**What you are asked to do**
Using the records below, write out the line with "1) figurine (328,254,398,329)" and each line after it through the final one, exactly, and only those.

**Records excerpted from a collection**
- Opening Delimiter -
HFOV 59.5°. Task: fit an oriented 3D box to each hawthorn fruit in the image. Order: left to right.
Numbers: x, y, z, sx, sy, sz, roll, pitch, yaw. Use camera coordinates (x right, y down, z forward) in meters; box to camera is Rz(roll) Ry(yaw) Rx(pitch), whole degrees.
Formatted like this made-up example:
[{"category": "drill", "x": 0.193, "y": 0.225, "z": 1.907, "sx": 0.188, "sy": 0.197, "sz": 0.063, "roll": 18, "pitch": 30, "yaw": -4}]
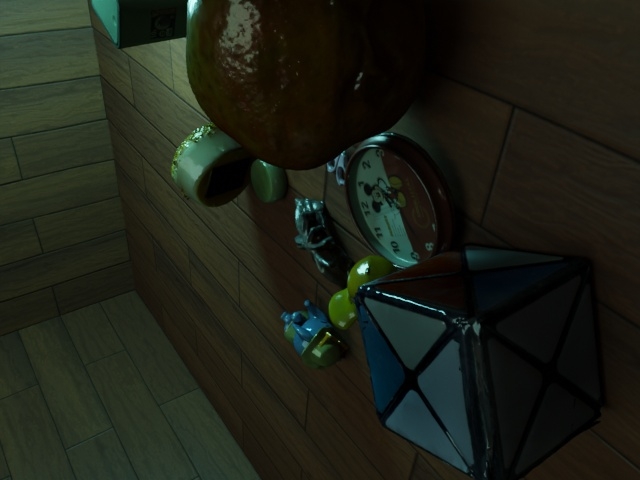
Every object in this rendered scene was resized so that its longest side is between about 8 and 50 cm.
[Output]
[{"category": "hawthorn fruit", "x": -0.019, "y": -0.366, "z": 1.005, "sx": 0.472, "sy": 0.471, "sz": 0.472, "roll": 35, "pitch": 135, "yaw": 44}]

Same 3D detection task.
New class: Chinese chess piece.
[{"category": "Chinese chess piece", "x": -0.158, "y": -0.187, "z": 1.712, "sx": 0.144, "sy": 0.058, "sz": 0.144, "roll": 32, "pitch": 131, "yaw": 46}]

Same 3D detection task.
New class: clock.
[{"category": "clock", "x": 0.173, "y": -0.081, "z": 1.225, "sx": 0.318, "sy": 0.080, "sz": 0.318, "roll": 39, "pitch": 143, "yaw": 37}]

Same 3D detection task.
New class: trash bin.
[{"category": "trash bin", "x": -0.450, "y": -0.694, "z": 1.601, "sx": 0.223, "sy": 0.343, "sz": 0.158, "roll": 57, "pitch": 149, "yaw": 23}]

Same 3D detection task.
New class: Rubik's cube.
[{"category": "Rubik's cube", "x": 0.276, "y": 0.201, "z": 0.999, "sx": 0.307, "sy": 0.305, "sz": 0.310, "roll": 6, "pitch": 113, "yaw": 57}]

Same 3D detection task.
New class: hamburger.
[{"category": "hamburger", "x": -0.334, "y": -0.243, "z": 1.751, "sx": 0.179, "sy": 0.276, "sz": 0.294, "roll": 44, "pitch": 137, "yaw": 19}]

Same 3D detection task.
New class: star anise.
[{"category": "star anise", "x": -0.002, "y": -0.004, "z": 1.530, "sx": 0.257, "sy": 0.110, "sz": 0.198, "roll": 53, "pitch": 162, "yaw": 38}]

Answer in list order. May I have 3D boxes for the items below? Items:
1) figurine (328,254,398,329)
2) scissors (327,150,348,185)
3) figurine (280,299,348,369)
- Closing Delimiter -
**Answer space**
1) figurine (328,254,398,329)
2) scissors (327,150,348,185)
3) figurine (280,299,348,369)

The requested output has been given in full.